Dia mengatakan konsep URI terinspirasi dari lembaga pendidikan kepemimpinan di sejumlah negara, seperti École Nationale d'Administration (ENA) atau Institut National du Service Public (INSP) di Prancis.
"Nah, ini diharapkan juga seperti itu juga, kita akan mendidik, melatih baik karakternya ataupun pemikirannya, managerial skill akan kita berikan penanaman kepada mereka sehingga akan bisa menjadi pemimpin di masa depan," katanya.

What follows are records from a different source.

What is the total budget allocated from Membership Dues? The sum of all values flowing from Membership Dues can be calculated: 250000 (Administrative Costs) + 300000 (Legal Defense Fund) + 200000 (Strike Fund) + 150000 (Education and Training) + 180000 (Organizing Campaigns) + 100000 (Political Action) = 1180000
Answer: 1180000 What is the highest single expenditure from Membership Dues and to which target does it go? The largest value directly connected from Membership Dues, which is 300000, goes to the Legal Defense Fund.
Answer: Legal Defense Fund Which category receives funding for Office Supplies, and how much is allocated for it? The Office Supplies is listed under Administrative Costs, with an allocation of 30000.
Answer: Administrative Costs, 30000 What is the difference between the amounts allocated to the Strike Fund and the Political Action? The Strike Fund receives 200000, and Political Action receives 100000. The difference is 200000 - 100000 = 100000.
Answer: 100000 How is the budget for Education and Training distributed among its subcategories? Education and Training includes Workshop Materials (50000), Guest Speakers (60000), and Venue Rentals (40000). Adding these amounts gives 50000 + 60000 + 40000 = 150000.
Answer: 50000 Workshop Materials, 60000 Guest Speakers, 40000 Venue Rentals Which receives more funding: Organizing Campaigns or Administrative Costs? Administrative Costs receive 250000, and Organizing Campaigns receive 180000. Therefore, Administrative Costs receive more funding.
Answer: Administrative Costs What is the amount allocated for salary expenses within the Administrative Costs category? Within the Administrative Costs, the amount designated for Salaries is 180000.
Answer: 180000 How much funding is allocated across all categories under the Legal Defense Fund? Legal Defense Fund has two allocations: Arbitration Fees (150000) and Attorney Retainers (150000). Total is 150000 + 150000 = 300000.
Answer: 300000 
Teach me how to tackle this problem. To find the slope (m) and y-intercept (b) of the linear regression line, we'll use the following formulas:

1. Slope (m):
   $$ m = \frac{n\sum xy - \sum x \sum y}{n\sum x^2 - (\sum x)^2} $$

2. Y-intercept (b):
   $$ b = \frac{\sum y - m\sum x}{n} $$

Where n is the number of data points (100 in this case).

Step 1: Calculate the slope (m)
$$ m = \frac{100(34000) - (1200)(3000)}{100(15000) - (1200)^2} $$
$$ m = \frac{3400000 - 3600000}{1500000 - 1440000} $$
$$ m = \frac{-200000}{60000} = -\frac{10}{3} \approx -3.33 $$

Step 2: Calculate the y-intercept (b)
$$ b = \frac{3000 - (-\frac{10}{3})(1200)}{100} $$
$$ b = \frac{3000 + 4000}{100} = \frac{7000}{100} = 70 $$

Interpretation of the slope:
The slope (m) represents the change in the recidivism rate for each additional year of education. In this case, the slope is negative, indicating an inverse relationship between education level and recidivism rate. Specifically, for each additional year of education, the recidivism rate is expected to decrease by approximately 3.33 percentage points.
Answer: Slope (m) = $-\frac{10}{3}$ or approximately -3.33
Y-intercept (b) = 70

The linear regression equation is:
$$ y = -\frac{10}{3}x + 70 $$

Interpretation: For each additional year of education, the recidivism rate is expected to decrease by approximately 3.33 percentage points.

Donny memastikan pengelolaan URI akan tetap bersinergi dengan Kementerian Pendidikan Tinggi, Sains, dan Teknologi (Kemendiktisaintek) serta Kementerian Pendidikan Dasar dan Menengah (Kemendikdasmen).
"Saat ini yang melaksanakan, yang mengelola sekolah unggulan dan yang melaksanakan perguruan tinggi itu adalah di Kementerian Dikti. Nah nanti akan kita kelola supaya Kementerian Dikti juga bisa melaksanakan tugas fungsinya sesuai dengan ketentuan ya," ujarnya.